I completed my BSc in Medical and Veterinary Genetics at the Faculty of Medicine, Lithuanian University of Health Sciences (LUHS) in 2015. During that time, I worked and did my research at the Department of Pulmonology and Immunology and investigating the role of nuclear factor happa B (NFkB) role in allergic asthma. At the same time, I specialised in genetic counselling as clinical intern and as a trainee to investigate glioblastomas' genetic markers AREG and NDRG2 at the Institute of Neuroscience, Laboratory of Neuro-oncology and Genetics (LUHS). During that time, I had research internships at Pavol Jozef Safarik University, Department of Occupational Medicine and Clinical Toxicology and Deparment of Forensic Medicine, and Autonomous University of Nuevo Leon (UANL) working on morphological models of cerebral isquemia.

After graduation I joined Dr. Cornelius Gross group at European Molecular Biology Laboratory (EMBL), Epigenetic and Neurobiology Units in Monterotondo, Italy. I contributed to the research on molecular signal for synaptic pruning by microglia under the supervision of Dr Urte Neniskyte. In 2017, I obtained MSc in Neurobiology (magna cum laude) from Vilnius University. During two-years master program I was in collaboration with Dr Urte Neniskyte and continued my master thesis project in Gross group at EMBL in 2016, studying “The Role of Xkr8 Scramblase in Microglia-Dependent Synaptic Pruning”. At the same time, I joined Dr Davide Ragozzino group in the Department of Physiology and Pharmacology at the Sapienza University of Rome, investigating electrophysiological profile of Xkr8 scramblase-deficient mice hippocampal circuitry using whole-cell patch-clamp method. 

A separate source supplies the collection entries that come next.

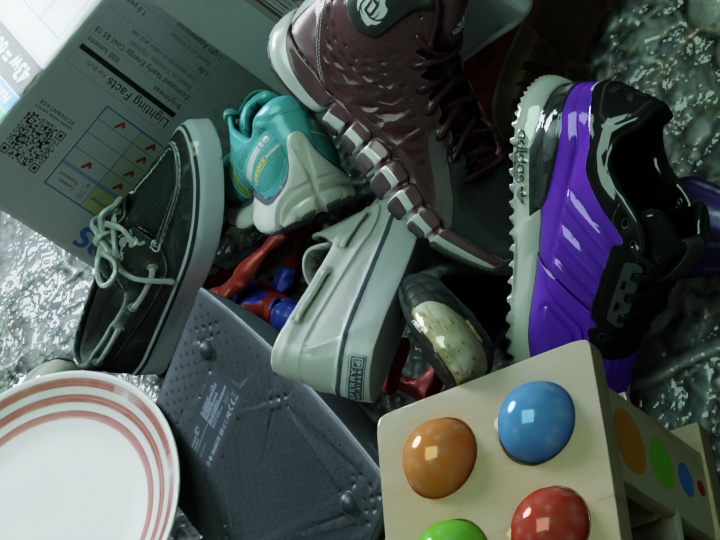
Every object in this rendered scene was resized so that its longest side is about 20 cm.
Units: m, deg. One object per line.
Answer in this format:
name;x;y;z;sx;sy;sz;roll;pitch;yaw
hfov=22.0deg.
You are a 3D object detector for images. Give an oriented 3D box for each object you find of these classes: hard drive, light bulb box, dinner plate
hard drive;-0.049;0.114;1.083;0.200;0.042;0.135;43;121;38
light bulb box;-0.159;-0.119;1.220;0.200;0.198;0.125;-49;45;5
dinner plate;-0.195;0.154;1.133;0.199;0.024;0.201;-14;52;19

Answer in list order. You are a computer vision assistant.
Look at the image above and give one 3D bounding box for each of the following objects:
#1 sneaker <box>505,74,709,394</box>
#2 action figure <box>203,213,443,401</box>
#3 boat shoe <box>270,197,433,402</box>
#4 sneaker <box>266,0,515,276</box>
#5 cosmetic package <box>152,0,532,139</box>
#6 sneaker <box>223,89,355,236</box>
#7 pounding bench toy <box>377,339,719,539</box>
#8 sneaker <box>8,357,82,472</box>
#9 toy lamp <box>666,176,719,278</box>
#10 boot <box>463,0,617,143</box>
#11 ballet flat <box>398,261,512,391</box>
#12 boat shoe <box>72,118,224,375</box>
sneaker;0.133;-0.001;0.963;0.099;0.069;0.201;5;104;42
action figure;-0.026;0.009;1.141;0.199;0.065;0.099;17;85;41
boat shoe;0.000;0.000;1.049;0.065;0.072;0.200;10;42;10
sneaker;0.044;-0.096;1.003;0.200;0.076;0.116;44;127;6
cosmetic package;0.002;-0.224;1.116;0.167;0.166;0.201;-33;32;42
sneaker;-0.049;-0.071;1.119;0.077;0.080;0.200;-22;7;-12
pounding bench toy;0.066;0.142;0.936;0.199;0.156;0.125;-23;55;27
sneaker;-0.200;0.159;1.201;0.093;0.070;0.201;10;76;33
toy lamp;0.136;-0.031;1.041;0.199;0.058;0.058;9;73;42
boot;0.104;-0.177;1.135;0.107;0.075;0.201;18;79;48
ballet flat;0.058;0.020;0.999;0.057;0.200;0.067;-27;95;11
boat shoe;-0.140;-0.012;1.173;0.200;0.068;0.074;-64;37;41

I conduced my DPhil thesis research in the laboratory of Prof Zoltán Molnár in the Department of Physiology, Anatomy & Genetics (2018-2022). My DPhil project investigated the role of microglia in activity-dependent neuronal network maturation and maintenance. Initial experiments revealed that microglia dynamic and behaviour are neuronal activity-dependent in sex-specific manner during development. Subsequently, I revealed that microglia adapt to neuronal activity changes in acute and chronic ‘silencing’ models and that changes in neuronal activity-dependent have more severe effect on developing males’ brain.